Select Data in the left-side navigation menu.
Select your database cortex_search_tutorial_db.
Select your schema public.
Select Stages and select books_data_stage.
On the top right, Select the + Files button.
Drag and drop files into the UI or select Browse to choose a file from the dialog window.
Select Upload to upload your file, BooksDatasetClean.csv
Select the three dots on the right of the file and select Load into table.
Name the table BOOKS_DATASET_RAW and select Next.
In the left panel of the load data dialog, choose First line contains header from the Header menu.
Then select Load.

Step 3: Create a Chunking UDF¶

Feeding long documents to Cortex Search will not be performant because retrieval models work best with small chunks of text. So next, create a Python UDF to chunk the text. Navigate back to a SQL editor and execute the following:

CREATE OR REPLACE FUNCTION cortex_search_tutorial_db.public.books_chunk(
    description string, title string, authors string, category string, publisher string
)
    returns table (chunk string, title string, authors string, category string, publisher string)
    language python
    runtime_version = '3.9'
    handler = 'text_chunker'
    packages = ('snowflake-snowpark-python','langchain')
    as
$$
from langchain.text_splitter import RecursiveCharacterTextSplitter
import copy
from typing import Optional

class text_chunker:

    def process(self, description: Optional[str], title: str, authors: str, category: str, publisher: str):
        if description == None:
            description = "" # handle null values

        text_splitter = RecursiveCharacterTextSplitter(
            chunk_size = 2000,
            chunk_overlap  = 300,
            length_function = len
        )
        chunks = text_splitter.split_text(description)
        for chunk in chunks:
            yield (title + "\n" + authors + "\n" + chunk, title, authors, category, publisher) # always chunk with title
$$;

Copy

Step 4: Build the Chunks Table¶

Create a table to store the chunks of text extracted from the transcripts. Include the title and speaker in the chunk to provide context:

CREATE TABLE cortex_search_tutorial_db.public.book_description_chunks AS (
    SELECT
        books.*,
        t.CHUNK as CHUNK
    FROM cortex_search_tutorial_db.public.books_dataset_raw books,
        TABLE(cortex_search_tutorial_db.public.books_chunk(books.description, books.title, books.authors, books.category, books.publisher)) t
);

Copy

Verify the table contents:

SELECT chunk, * FROM book_description_chunks LIMIT 10;

Copy

Step 5: Create a Cortex Search Service¶

Create a Cortex Search Service on the table to allow you to search through the chunks in the book_description_chunks:

CREATE CORTEX SEARCH SERVICE cortex_search_tutorial_db.public.books_dataset_service
    ON CHUNK
    WAREHOUSE = cortex_search_tutorial_wh
    TARGET_LAG = '1 hour'
    AS (
        SELECT *
        FROM cortex_search_tutorial_db.public.book_description_chunks
    );

Copy

Step 6: Create a Streamlit app¶

You can query the service with Python SDK (using the snowflake Python package). This tutorial demonstrates using the Python SDK in a Streamlit in Snowflake application.

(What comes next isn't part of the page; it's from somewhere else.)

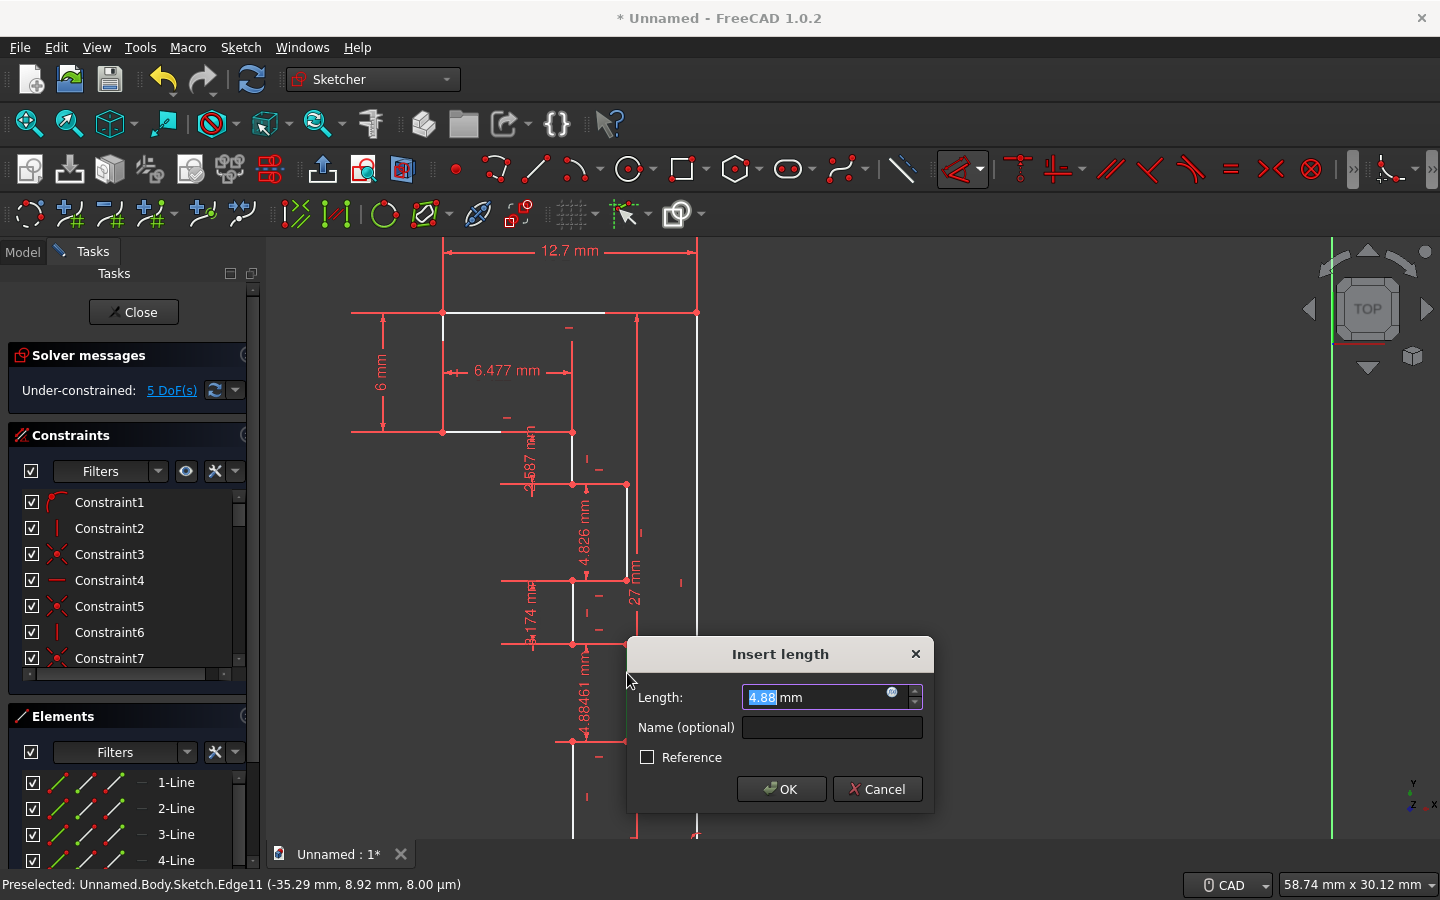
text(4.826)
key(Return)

First, ensure your global Snowsight UI role is the same as the role used to create the service in the service creation step.

Sign in to Snowsight.
Select Projects » Streamlit in the left-side navigation menu.
Select + Streamlit App.
Important: Select the cortex_search_tutorial_db database and public schema for the app location.
In the left pane of the Streamlit in Snowflake editor, select Packages and add snowflake (version >= 0.8.0) to install the package in your application.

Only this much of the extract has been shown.